Telecoms Need to Step Up their Game in Subscription Fraud and Customer Onboarding Control

Telecoms Need to Step Up their Game in Subscription Fraud and Customer Onboarding Control

Know thy customer.  Those words are the spearhead of the massive cross-industry movement to block criminals from penetrating customer accounts or gaining access to services that can absolutely kill a business.

The implications of stopping subscription fraud are enormous: the majority of telecom fraud and bad debts can be stopped if a telecom is vigilant as it onboards customers for services.

After all, a fraudster can only abuse your service if you let them have access in the first place.

Today the banking/financial industry, in particular, is very serious about protecting their perimeter: that industry has invested enormously in biometric systems and financial compliance accounting.

Now telecoms certainly care about their onboarding problems but possibly dismiss the solution — they do not fund the internal customer verification systems that can screen customers better and at a much lower cost than paying external service bureaus to perform the same task.
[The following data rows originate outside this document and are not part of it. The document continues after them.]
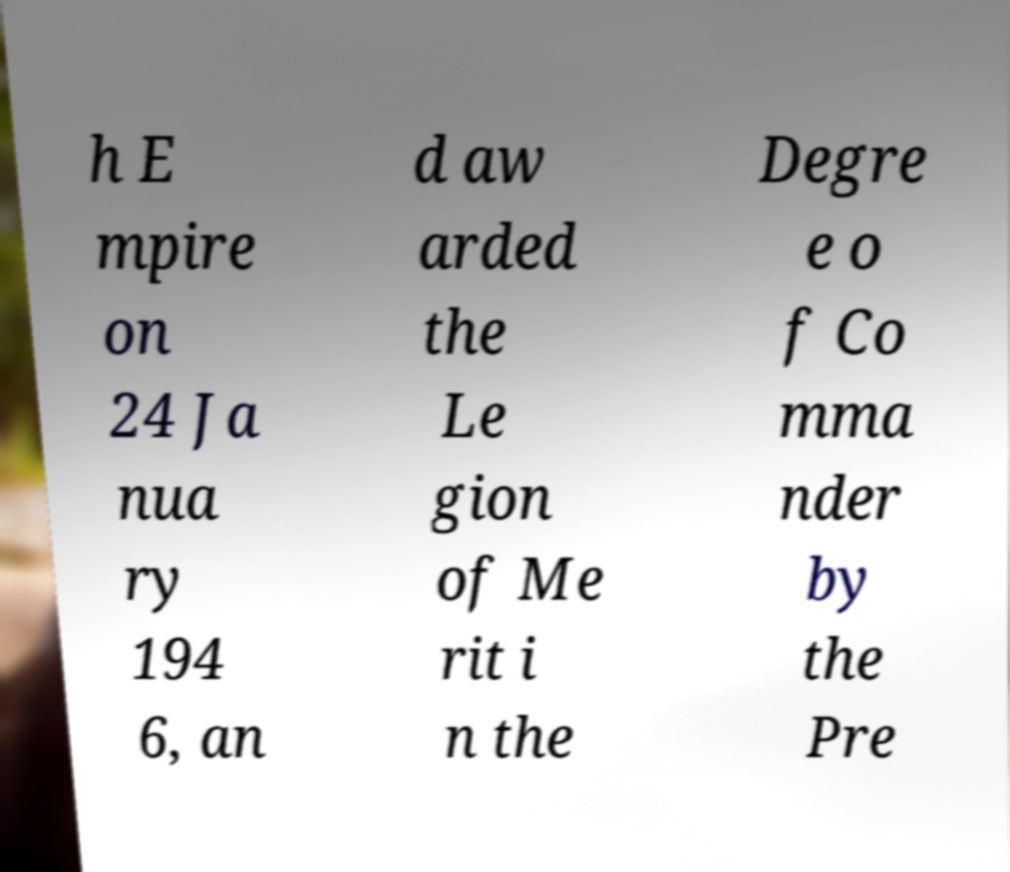Please read and relay the text visible in this image. What does it say? h E mpire on 24 Ja nua ry 194 6, an d aw arded the Le gion of Me rit i n the Degre e o f Co mma nder by the Pre 
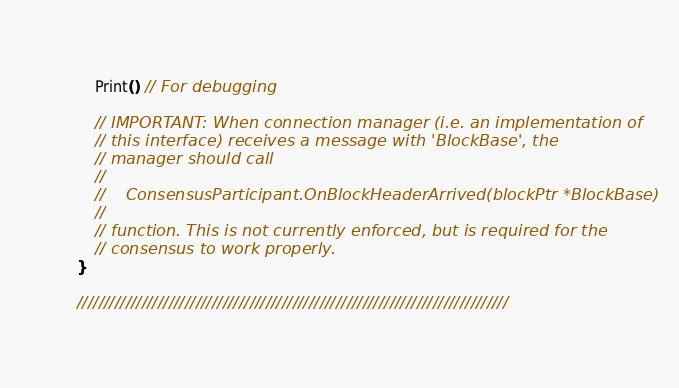Convert code to text. <code><loc_0><loc_0><loc_500><loc_500><_Go_>	Print() // For debugging

	// IMPORTANT: When connection manager (i.e. an implementation of
	// this interface) receives a message with 'BlockBase', the
	// manager should call
	//
	//    ConsensusParticipant.OnBlockHeaderArrived(blockPtr *BlockBase)
	//
	// function. This is not currently enforced, but is required for the
	// consensus to work properly.
}

////////////////////////////////////////////////////////////////////////////////
</code>

To this end, I recently interviewed Luke Taylor, Chief Commercial Officer of Neural Technologies, the leading supplier of customer onboarding and subscription fraud control systems to the telecom industry.

In Luke’s insightful briefing he shows why the onboarding is bound to become more critical, as well as covering key topics such as: delivering first-class onboarding controls; selecting risk mitigation targets; and integrating back end systems.

Dan Baker, Editor, Black Swan Journal: Luke, I guess a telecom could easily go out of business today if it solely relied on external service bureaus to screen customers for services.

Luke Taylor: Yes, Dan, the first question that needs to be asked is: how can we onboard or acquire a customer at minimal cost and of course minimal risk.

This is especially important at the low end of the market.  If a customer is only generating $100 a year for you, you simply must lower the costs to acquire them in the first place to maximize your margin.

So at Neural we try to figure out: what simple checks can we carry out before the need to engage a third party service bureau for an additional credit check.

Why would you ever send a subscriber’s name off to Experian or some other bureau and pay for their respective service if you already know that this prospect is on your black list, or that they have already been declined for another one of your services?

Operators that offer a variety of services need to get their different departments talking to one another because the subscriber will try to get through any door that is open to them.

For example, some fraudsters will try to subscribe through the cable service first.  If they succeed, they would then move onto other services.  The costs of connecting these cable customers are substantial, and once the wheels are turning on the delivery, then those costs are being expended.  Others will try to penetrate the mobile side, with the objective of stealing high value phones and reselling them as well as maximizing the service plan.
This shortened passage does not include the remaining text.